Nahualli

XII. Les élémentaires
Il est très difficile d’avoir accès aux animaux qui vivent au-delà de la troisième
dimension. Leur énergie est plus subtile et, par conséquent, notre relation avec eux devrait
l’être également. S’il vous arrive d’en voir un, vous pouvez penser que vos yeux vous
trompent, ou disparaître en un instant avec n’importe quelle explication banale. Un autre fait
important est que ces êtres ne se trouvent généralement que dans les zones sauvages de la
nature. Lorsque nous avons accès à ces lieux, notre indignation les fait entrer dans le
silence ; nous devons être dans un calme absolu pour qu’ils apparaissent. Il faut méditer,
demander la permission à la forêt, être attentif et patient. S’il n’est pas possible de les voir, il
faut l’accepter avec grâce, mais ne jamais cesser d’essayer. Selon certaines traditions, seuls
les animaux et les petits enfants ont la capacité de les percevoir. Ils sont inapprochables.

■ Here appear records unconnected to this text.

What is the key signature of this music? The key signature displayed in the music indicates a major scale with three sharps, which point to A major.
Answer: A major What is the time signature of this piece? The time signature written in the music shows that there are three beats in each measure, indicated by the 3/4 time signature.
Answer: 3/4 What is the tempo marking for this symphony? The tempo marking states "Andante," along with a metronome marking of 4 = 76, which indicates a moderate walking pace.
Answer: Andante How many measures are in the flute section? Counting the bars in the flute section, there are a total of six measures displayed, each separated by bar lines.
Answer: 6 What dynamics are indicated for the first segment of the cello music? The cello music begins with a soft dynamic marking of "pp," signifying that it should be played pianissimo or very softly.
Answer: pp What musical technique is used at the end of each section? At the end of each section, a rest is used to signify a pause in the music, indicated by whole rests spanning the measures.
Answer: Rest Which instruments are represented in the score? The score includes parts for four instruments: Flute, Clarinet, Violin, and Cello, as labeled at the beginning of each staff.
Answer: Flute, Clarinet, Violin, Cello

L’idée de vouloir les apprivoiser ou de prouver leur existence fait disparaître ces êtres en un
clin d’œil. Loin de leur élément, ils sont aussi inutiles qu’un chien en mer ou un chat sur la
lune.
Ces êtres appartiennent aux quatre éléments et en sont les gardiens naturels. Leur
classification est la suivante : les gnomes correspondent à la terre, les ondines à l’eau, les
sylphes et les fées à l’air et les salamandres au feu. Ils sont les créateurs et les gardiens de
la nature ; par exemple, un élémentaire sera chargé de créer le pollen d’une fleur, tandis
qu’un autre sera chargé de protéger cette même fleur tout au long de sa vie. Il y a aussi les
êtres appartenant au cinquième élément ou éther, qui sont, d’après ce que j’ai compris, des
anges.
Voici ce qui m’est arrivé : j’ai piqué une colère dans la forêt. Une fois dans les arbres,
j’ai exprimé ma colère contre ma condition de travail surchargée. Cela faisait un certain
temps que j’angoissais dans mon bureau, jour après jour, avec le sentiment qu’il y avait un
autre endroit où j’avais ma place, un endroit où j’étais vraiment importante. Je me suis laissé
aller à pleurer jusqu’à m’allonger dans l’herbe. J’ai enlevé mes chaussures et les ai jetées.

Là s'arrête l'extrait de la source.